Boston—Hormone therapy (HT) appears to be a factor in the deposition of tau pathology, which is associated with the development of Alzheimer’s disease.

That is according to a new cross-sectional study in the Journal of the American Medical Association Neurology that found female sex and earlier age at menopause were significantly associated with higher regional tau in the context of high beta-amyloid, as measured on the positron emission tomography (PET) signal.

The Massachusetts General Hospital researchers added, “Late initiation of HT following menopause onset may underpin the association between HT use and the elevated tau positron emission tomography signal.”

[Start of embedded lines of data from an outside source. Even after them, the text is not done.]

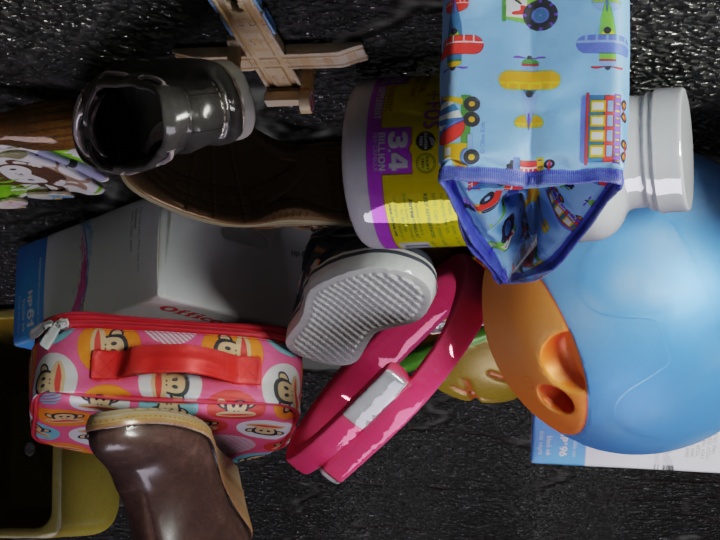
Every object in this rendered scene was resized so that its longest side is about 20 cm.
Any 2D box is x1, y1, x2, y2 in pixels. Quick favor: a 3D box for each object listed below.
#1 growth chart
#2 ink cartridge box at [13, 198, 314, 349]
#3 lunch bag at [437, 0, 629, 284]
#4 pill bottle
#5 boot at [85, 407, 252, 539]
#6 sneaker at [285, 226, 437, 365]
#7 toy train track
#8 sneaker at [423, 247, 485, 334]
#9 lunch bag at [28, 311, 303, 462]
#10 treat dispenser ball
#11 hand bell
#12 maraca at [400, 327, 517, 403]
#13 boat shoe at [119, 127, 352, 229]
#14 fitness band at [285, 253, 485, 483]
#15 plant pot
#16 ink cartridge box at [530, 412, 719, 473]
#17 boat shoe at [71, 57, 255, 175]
[{"bbox_3d":[-0.248,-0.066,1.564,0.199,0.018,0.144,-11,160,41],"label":"growth chart"},{"bbox_3d":[-0.147,0.014,1.705,0.144,0.085,0.200,14,158,-37],"label":"ink cartridge box"},{"bbox_3d":[0.092,-0.086,1.208,0.094,0.151,0.200,1,164,5],"label":"lunch bag"},{"bbox_3d":[0.095,-0.068,1.358,0.199,0.105,0.104,-2,163,13],"label":"pill bottle"},{"bbox_3d":[-0.131,0.194,1.599,0.072,0.167,0.200,-10,156,22],"label":"boot"},{"bbox_3d":[0.000,0.000,1.537,0.078,0.080,0.200,20,158,-14],"label":"sneaker"},{"bbox_3d":[-0.062,-0.126,1.302,0.114,0.033,0.200,-1,163,11],"label":"toy train track"},{"bbox_3d":[0.118,-0.007,1.627,0.199,0.073,0.077,-12,121,1],"label":"sneaker"},{"bbox_3d":[-0.141,0.083,1.644,0.199,0.082,0.176,4,162,-8],"label":"lunch bag"},{"bbox_3d":[0.177,0.018,1.467,0.200,0.202,0.201,2,164,1],"label":"treat dispenser ball"},{"bbox_3d":[-0.245,-0.085,1.413,0.199,0.105,0.104,-4,167,-20],"label":"hand bell"},{"bbox_3d":[0.089,0.052,1.745,0.200,0.107,0.137,-22,172,35],"label":"maraca"},{"bbox_3d":[-0.077,-0.057,1.483,0.199,0.072,0.072,3,168,-33],"label":"boat shoe"},{"bbox_3d":[0.021,0.069,1.568,0.037,0.144,0.200,40,127,-8],"label":"fitness band"},{"bbox_3d":[-0.304,0.147,2.020,0.195,0.195,0.200,-4,169,21],"label":"plant pot"},{"bbox_3d":[0.221,0.084,1.613,0.199,0.116,0.068,3,121,4],"label":"ink cartridge box"},{"bbox_3d":[-0.133,-0.090,1.329,0.057,0.067,0.200,-16,-174,-32],"label":"boat shoe"}]

That could help explain sex differences in Alzheimer’s disease, according to the authors. “Postmenopausal females represent around 70% of all individuals with Alzheimer disease,” they explained. “Previous literature shows elevated levels of tau in cognitively unimpaired postmenopausal females compared with age-matched males, particularly in the setting of high beta-amyloid. The biological mechanisms associated with higher tau deposition in female individuals remain elusive.”

The findings are contradictory in some ways to earlier research on the topic.

The cross-sectional study, which was conducted between November 2006 and May 2021, included participants enrolled in the Wisconsin Registry for Alzheimer Prevention. Analysis included cognitively unimpaired men and women with at least one F-MK-6240 and C-Pittsburgh compound B PET scan.

For the study, premature menopause was defined as occurring in those aged younger than 40 years, early menopause aged 40 to 45 years, and regular menopause aged older than 45 years. The researchers also focused on hormone therapy use, either current or past, and no use of HT.

The group of 292 cognitively unimpaired individuals included 193 females (66.1%) and 99 males (33.9%). The mean (range) age at tau scan was 67 (49-80) years, 52 (19%) had abnormal beta-amyloid, and 106 (36.3%) were APOEε4 carriers. Slightly more than one-half (52.2%) of the females were past or current HT users.

The results indicated that female sex (standardized beta = –0.41; 95% CI, –0.97 to –0.32, P <.001), earlier age at menopause (standardized beta = –0.38; 95% CI, –0.14 to –0.09, P <.001), and HT use (standardized beta = 0.31; 95% CI, 0.40-1.20, P = .008) were linked with higher regional tau PET in individuals with elevated beta-amyloid compared with male sex, later age at menopause, and HT nonuse.

The researchers pointed out that affected regions included medial and lateral regions of the temporal and occipital lobes. They added that late initiation of HT (>5 years following age at menopause) was more predictive of higher tau PET compared with early initiation (beta = 0.49; 95% CI, 0.27-0.43; P = .001).

“In this study, females exhibited higher tau compared with age-matched males, particularly in the setting of elevated beta-amyloid. In females, earlier age at menopause and late initiation of HT were associated with increased tau vulnerability especially when neocortical beta-amyloid elevated,” the authors concluded. “These observational findings suggest that subgroups of female individuals may be at higher risk of pathological burden.”

Background information in the article pointed out, “In the context of high beta-amyloid, substantial evidence suggests that female individuals exhibit greater Alzheimer’s disease–related neurofibrillary tau tangles than males. What remains unclear are the biological mechanisms that might be exacerbating tau deposition in female individuals.”

One factor appears to be the use of exogenous hormones, via HT, according to the authors. The Women’s Health Initiative found, however, that HT use—especially estrogen plus progestin—was associated with approximately a twofold higher incidence of probable dementia relative to placebo, especially if initiated proximate to menopause. Before those findings, the prevalence of HT use in postmenopausal female individuals was about 46% but dropped to 14.6% after publication.